Semantic Enrichment and Exploration of Open Dataset Tags

  • Bruno P. C. de Castro UFRJ
  • Henrique F. Rodrigues UFRJ
  • Giseli R. Lopes UFRJ
  • Maria Luiza M. Campos UFRJ


This paper proposes an approach for semantic enrichment of dataset tags through the assignment of terms extracted from the dataset content and the association with meaningful external resources complementing existing tags originally attributed. In this approach, a RDF summary graph is generated to support datasets retrieval through the tags graph exploration. The motivation of this study is the need to improve datasets findability on Open Data Portals through the generation of a richer set of interlinked tags.
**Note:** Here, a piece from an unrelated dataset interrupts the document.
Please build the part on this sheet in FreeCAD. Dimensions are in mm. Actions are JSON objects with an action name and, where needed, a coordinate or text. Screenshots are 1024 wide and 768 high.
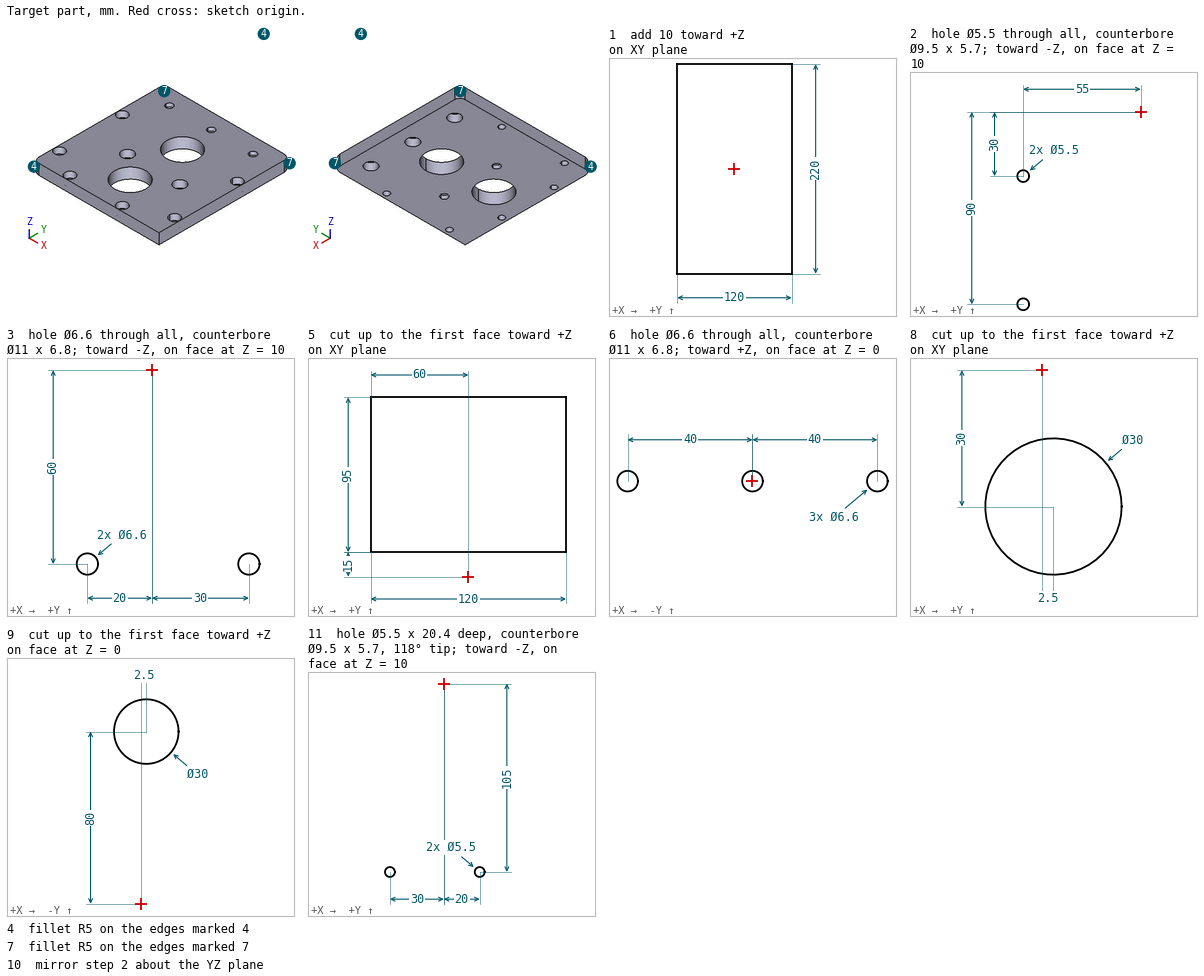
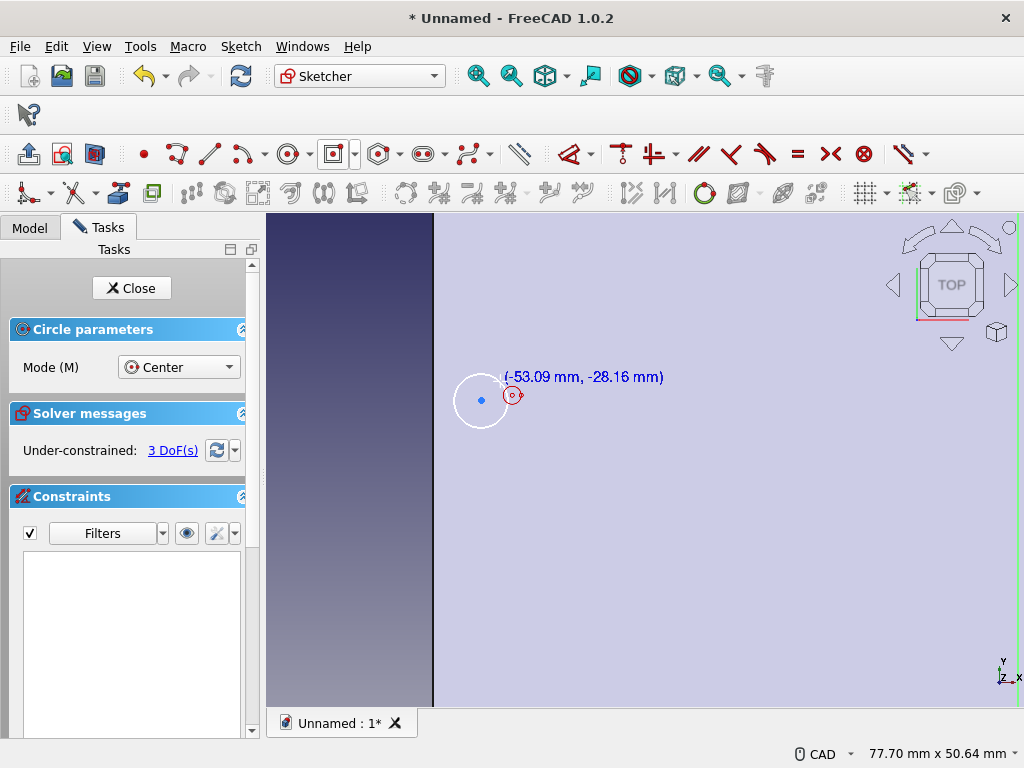
{"action": "scroll", "coordinate": [484, 402], "scroll_direction": "down", "scroll_amount": 5}

The semantic enrichment approach is divided in four main steps, comprising cleaning, terms extraction and ranking, linking to associated ontologies or vocabularies terms, and the summarization in graph form, providing tag exploration to find other relevant datasets through tag connections. For the process we developed the Relevant Tag Extractor (RTagE), a semi-automatic software that extracts terms from a dataset, ranks and associates them with external resources. We exemplify the approach with datasets from a Web portal about the use of agrochemicals in agriculture, assigning enriched terms from the AGROVOC thesaurus as dataset tags.